The Twins were looking to sweep the White Sox in the third game of the weekend series on a cloudy spring day with the temperature in the low 60s.3 (Sunday, May 26, was not the day before Memorial Day; the holiday was then celebrated on May 30 before being moved to the last Monday of May by the Uniform Monday Holiday Act of 1968.) Right-hander Jim Perry, acquired earlier in May from the Cleveland Indians for left-hander Jack Kralick, was making his second home start for the Twins. After the early-season trade for Perry, the Minneapolis Tribune reported on Mele’s satisfaction with the deal: “Mele immediately placed Perry in his regular starting rotation with right handed Camilo Pascual and left handed Jim Kaat and Dick Stigman. ‘It balances our staff,’ said Mele, ‘particularly in our park, and against right-handed power clubs like Boston at Fenway Park.’”4 Perry was opposed by right-hander John Buzhardt, who had shut out Minnesota in April at White Sox Park for his first win of the season.

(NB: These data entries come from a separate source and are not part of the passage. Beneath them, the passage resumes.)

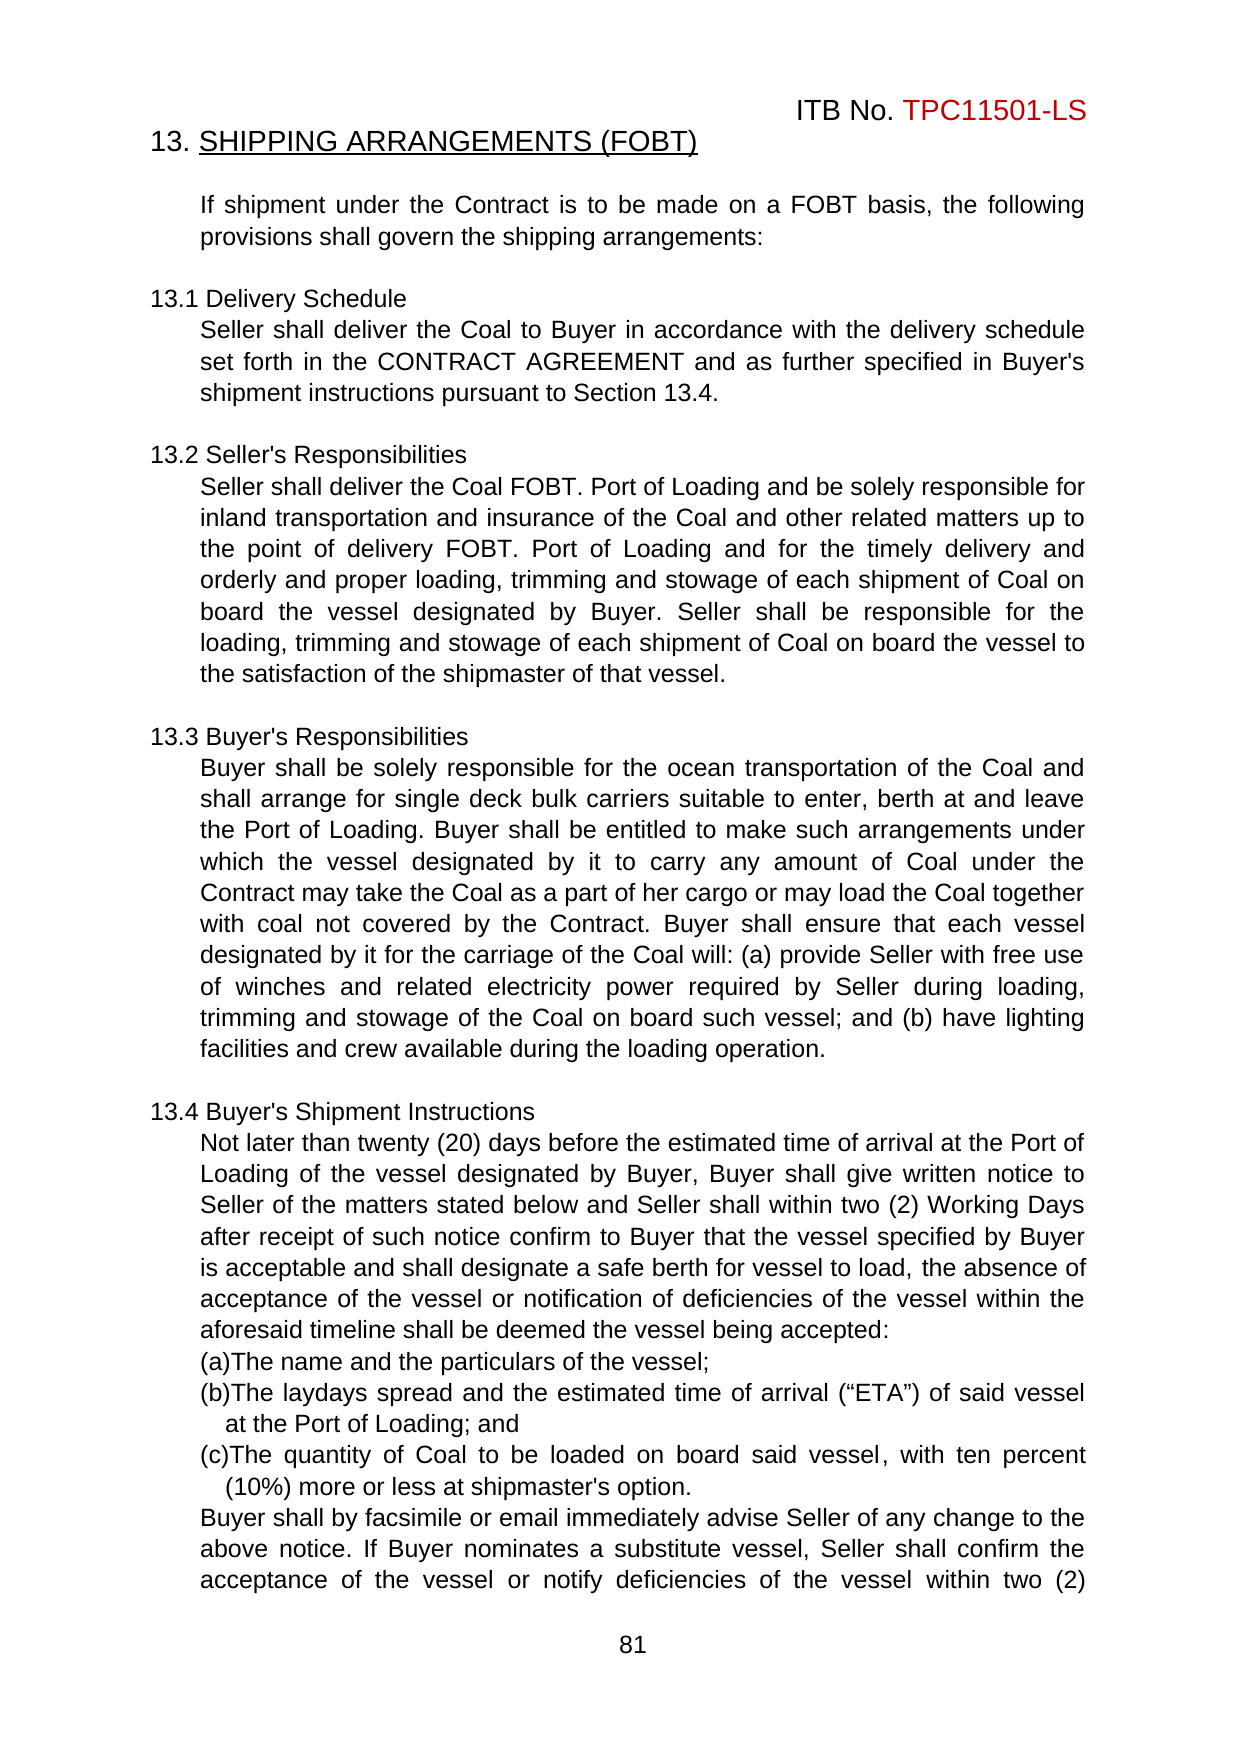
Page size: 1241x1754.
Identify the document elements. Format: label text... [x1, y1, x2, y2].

text 13.4 Buyer's Shipment Instructions [150, 1095, 1086, 1126]
text Seller shall deliver the Coal to Buyer in accordance with the delivery schedule set forth in the CONTRACT AGREEMENT and as further specified in Buyer's shipment instructions pursuant to Section 13.4. [200, 314, 1087, 407]
text 13.2 Seller's Responsibilities [150, 439, 1087, 470]
text If shipment under the Contract is to be made on a FOBT basis, the following provisions shall govern the shipping arrangements: [200, 189, 1087, 251]
text 13.1 Delivery Schedule [150, 282, 1087, 314]
text Buyer shall be solely responsible for the ocean transportation of the Coal and shall arrange for single deck bulk carriers suitable to enter, berth at and leave the Port of Loading. Buyer shall be entitled to make such arrangements under which the vessel designated by it to carry any amount of Coal under the Contract may take the Coal as a part of her cargo or may load the Coal together with coal not covered by the Contract. Buyer shall ensure that each vessel designated by it for the carriage of the Coal will: (a) provide Seller with free use of winches and related electricity power required by Seller during loading, trimming and stowage of the Coal on board such vessel; and (b) have lighting facilities and crew available during the loading operation. [200, 751, 1087, 1064]
text 13.3 Buyer's Responsibilities [150, 720, 1087, 751]
text Seller shall deliver the Coal FOBT. Port of Loading and be solely responsible for inland transportation and insurance of the Coal and other related matters up to the point of delivery FOBT. Port of Loading and for the timely delivery and orderly and proper loading, trimming and stowage of each shipment of Coal on board the vessel designated by Buyer. Seller shall be responsible for the loading, trimming and stowage of each shipment of Coal on board the vessel to the satisfaction of the shipmaster of that vessel. [200, 470, 1087, 689]
text Buyer shall by facsimile or email immediately advise Seller of any change to the above notice. If Buyer nominates a substitute vessel, Seller shall confirm the acceptance of the vessel or notify deficiencies of the vessel within two (2) [200, 1501, 1086, 1595]
text Not later than twenty (20) days before the estimated time of arrival at the Port of Loading of the vessel designated by Buyer, Buyer shall give written notice to Seller of the matters stated below and Seller shall within two (2) Working Days after receipt of such notice confirm to Buyer that the vessel specified by Buyer is acceptable and shall designate a safe berth for vessel to load, the absence of acceptance of the vessel or notification of deficiencies of the vessel within the aforesaid timeline shall be deemed the vessel being accepted: [200, 1126, 1086, 1345]
text (a)The name and the particulars of the vessel; [200, 1345, 1086, 1376]
text (c)The quantity of Coal to be loaded on board said vessel, with ten percent (10%) more or less at shipmaster's option. [200, 1439, 1086, 1501]
text 13. SHIPPING ARRANGEMENTS (FOBT) [150, 126, 1087, 157]
text (b)The laydays spread and the estimated time of arrival (“ETA”) of said vessel at the Port of Loading; and [200, 1376, 1086, 1439]

The game started inauspiciously for the Twins when, with two out in the top of the first, White Sox third baseman Pete Ward, right fielder Floyd Robinson and first baseman Joe Cunningham hit back-to-back-to back singles, putting Chicago ahead 1-0. Despite this early lead, the White Sox had only one extra base hit in the game (a fifth-inning double by second baseman Nellie Fox, scoring center fielder Jim Landis for their second and last run) and went 1-for-7 with runners in scoring position.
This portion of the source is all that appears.